Quinn was in the starting lineup, playing centerfield and batting sixth, against Colorado right-hander Kyle Freeland.
The transaction involving Herrera and Quinn temporarily solved a roster riddle for the Phillies. Quinn’s 20-day rehab stint was due to expire next week and he had to go on the 25-man roster because he is out of minor-league options. The Phils would have had to clear room for him by subtracting a player, possibly outfielder Aaron Altherr or outfielder Nick Williams. Like Quinn, Altherr is out of options so he could be a trade candidate. Williams can be sent to the minors.
The Phillies could still have to face this decision soon because it does not sound as if Herrera will need significant time on the IL. He has a minor hamstring injury.
“He reported today with mild soreness, a little bit tender to the touch,” manager Gabe Kapler said. “At that point, we knew it was going to be a couple of days and if it’s going to be a couple of days we need to protect the ballclub and protect Odubel.”
Herrera said he did not believe he would need more than 10 days on the IL.
Quinn, exciting but oft-injured, could ultimately push Herrera for time in centerfield. He has game-changing speed and gap power.
“When he hits a single, we see it as a possible double or triple or he can score easily from first base on a single,” Kapler said. “He’s just different than a lot of guys in the league.”

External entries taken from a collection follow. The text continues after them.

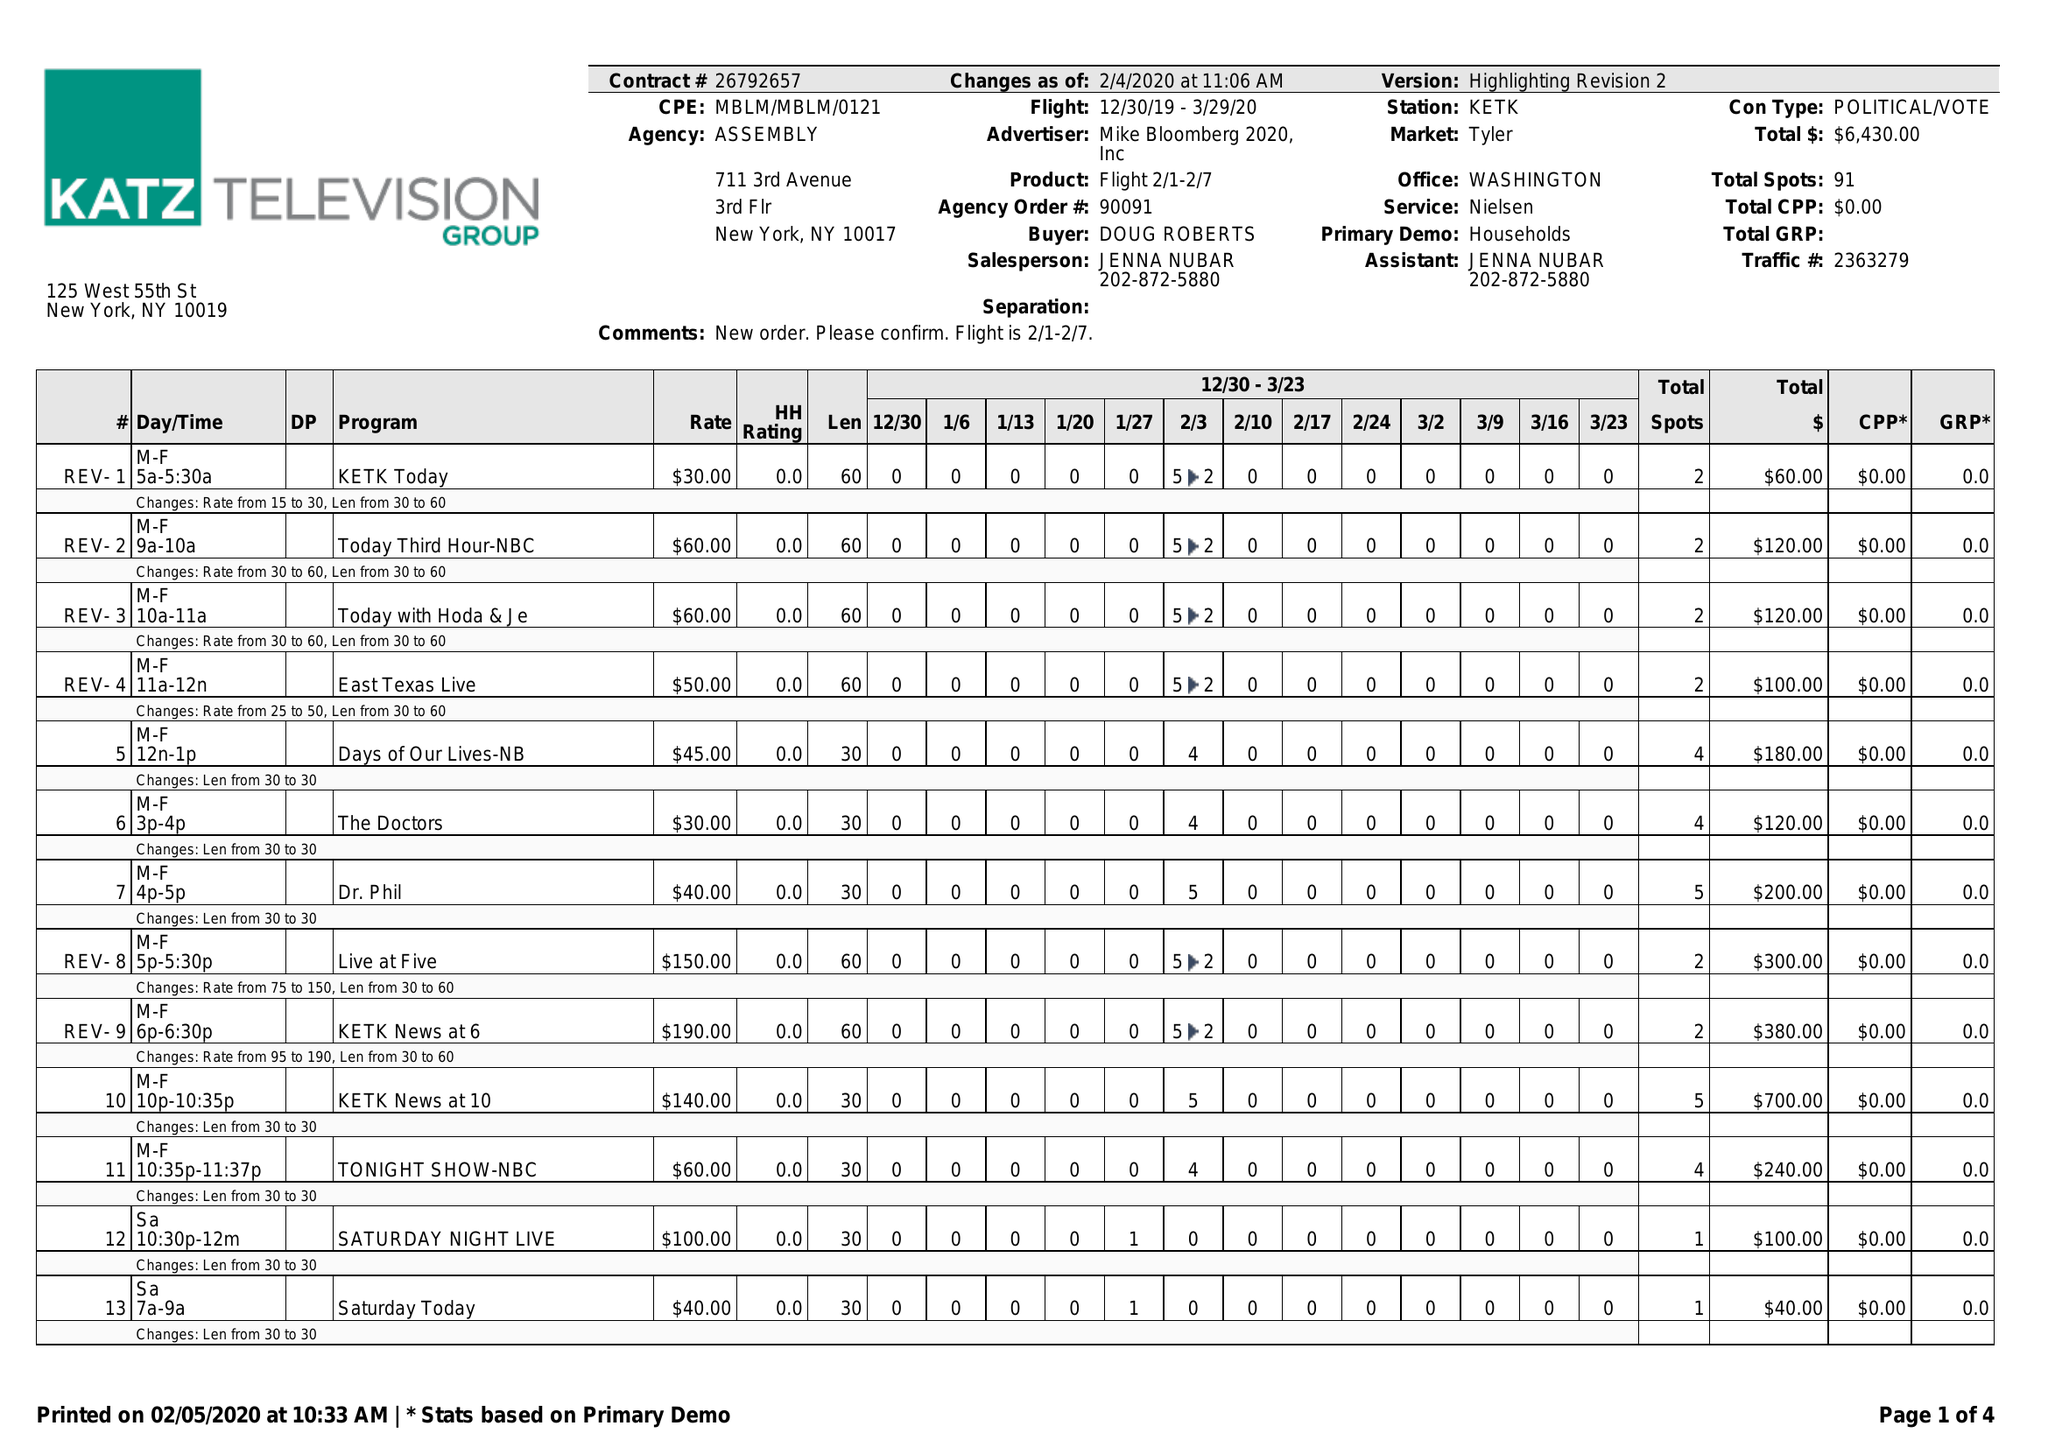What is the value for the flight_from?
Answer the question using a single word or phrase. 12/30/19 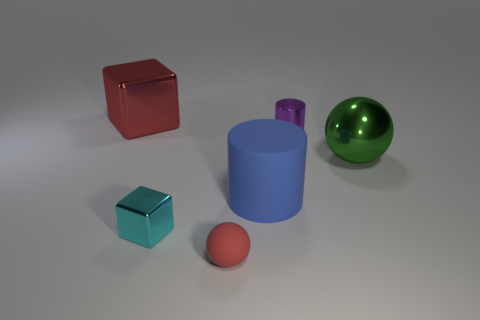Can you suggest a real-world scenario where these objects might be found together? Certainly! These objects might be found together as part of a color and material study in an artist's studio or a 3D modeling software's default scene used for render tests to evaluate lighting and texturing effects. 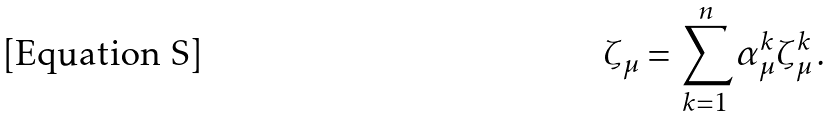<formula> <loc_0><loc_0><loc_500><loc_500>\zeta _ { \mu } = \sum _ { k = 1 } ^ { n } \alpha _ { \mu } ^ { k } \zeta _ { \mu } ^ { k } \, .</formula> 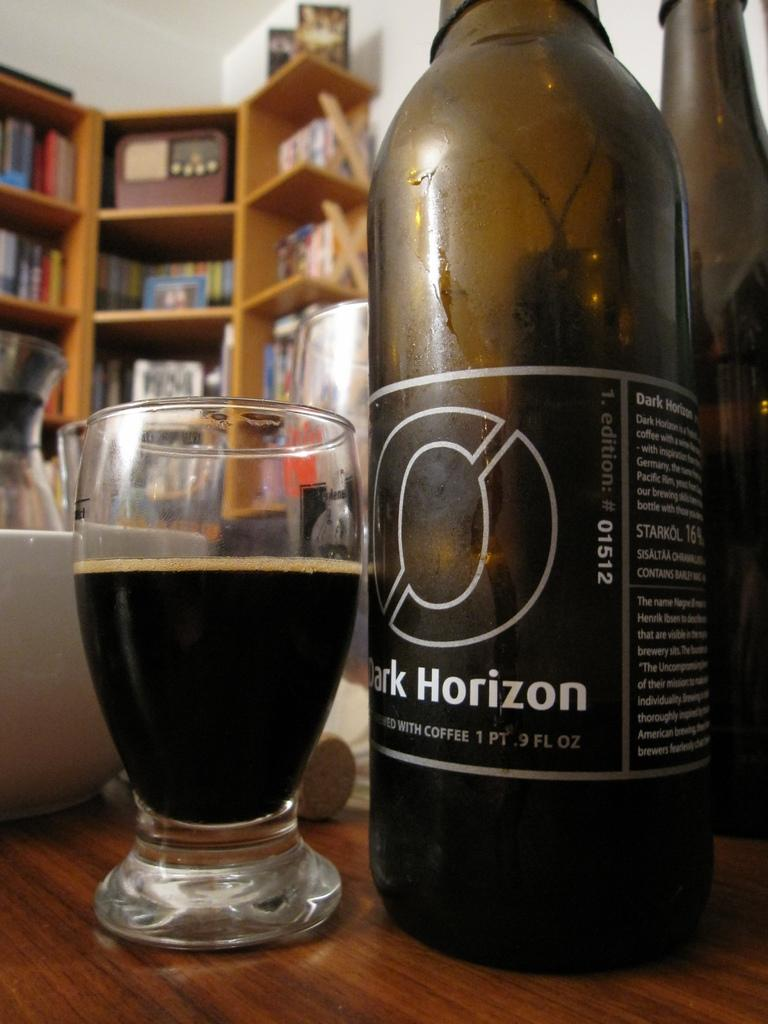Provide a one-sentence caption for the provided image. A glass next to a bottle of Dark Horizon. 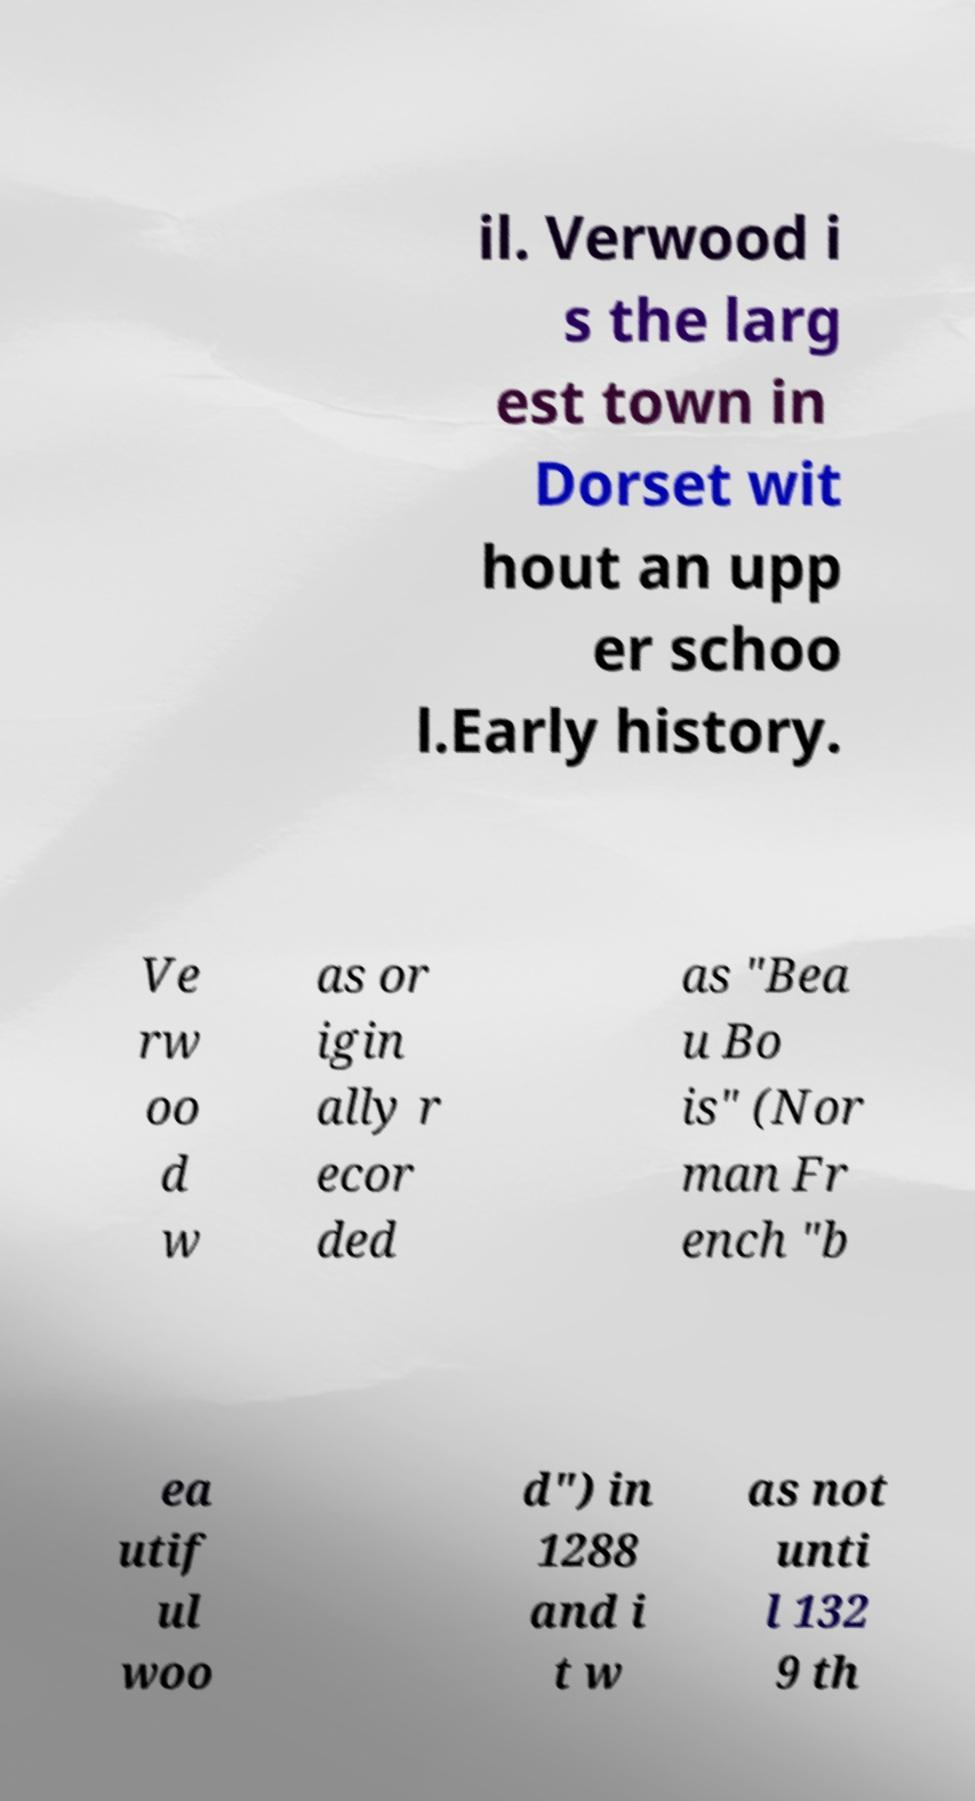Please read and relay the text visible in this image. What does it say? il. Verwood i s the larg est town in Dorset wit hout an upp er schoo l.Early history. Ve rw oo d w as or igin ally r ecor ded as "Bea u Bo is" (Nor man Fr ench "b ea utif ul woo d") in 1288 and i t w as not unti l 132 9 th 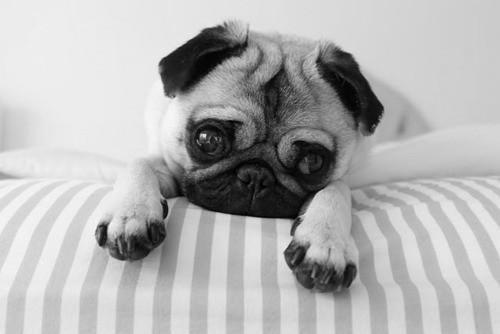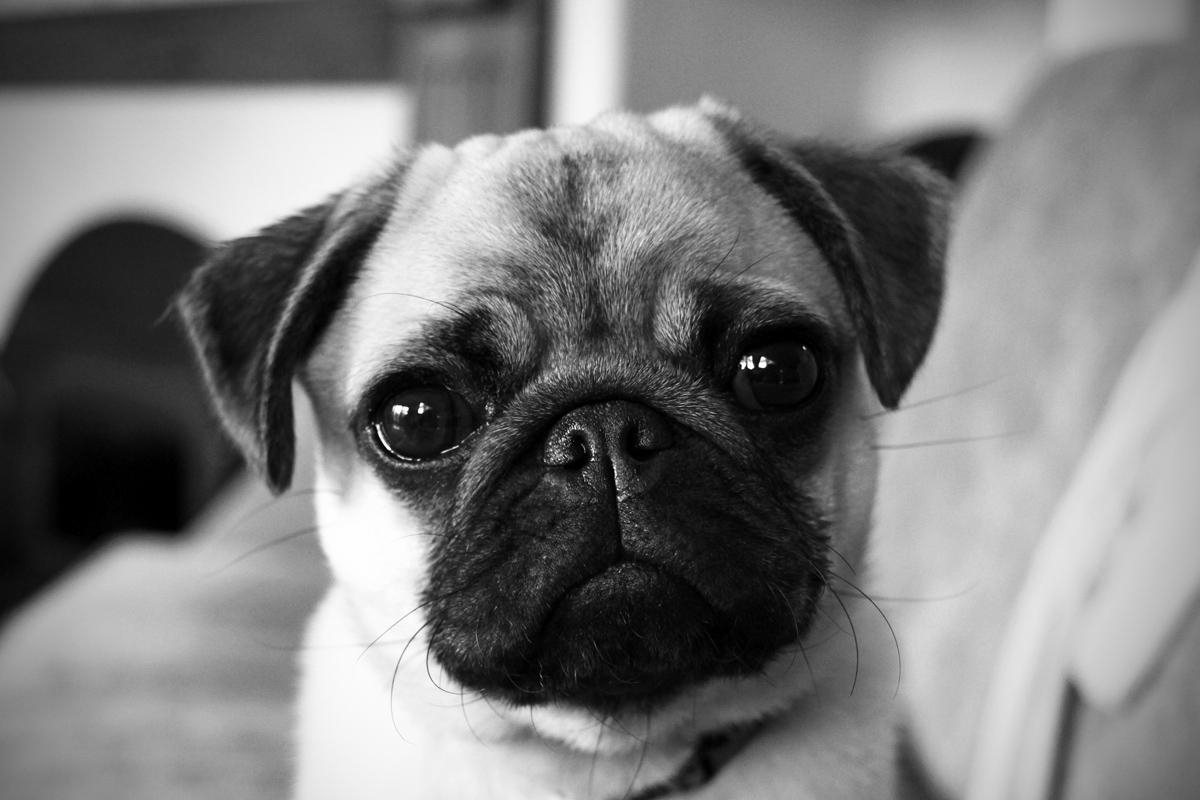The first image is the image on the left, the second image is the image on the right. Given the left and right images, does the statement "There is exactly one light colored dog with a dark muzzle in each image." hold true? Answer yes or no. Yes. The first image is the image on the left, the second image is the image on the right. Considering the images on both sides, is "Each image contains multiple pugs, and each image includes at least one black pug." valid? Answer yes or no. No.

Quinn suffered an oblique strain in spring training.
“I’m ready to go,” he said. “I’m excited.”
Kapler said Quinn would not be the only player to gets reps in centerfield while Herrera was out. Altherr figures to get some time. Scott Kingery could also get some time there, possibly next week in New York. For now, however, Kingery is at shortstop, possibly for the next two or three days, as Jean Segura deals with hamstring tightness. Segura has not been placed on the IL. The Phillies are carrying utility infielder Phil Gosselin as insurance and going with just seven relievers. They typically carry eight.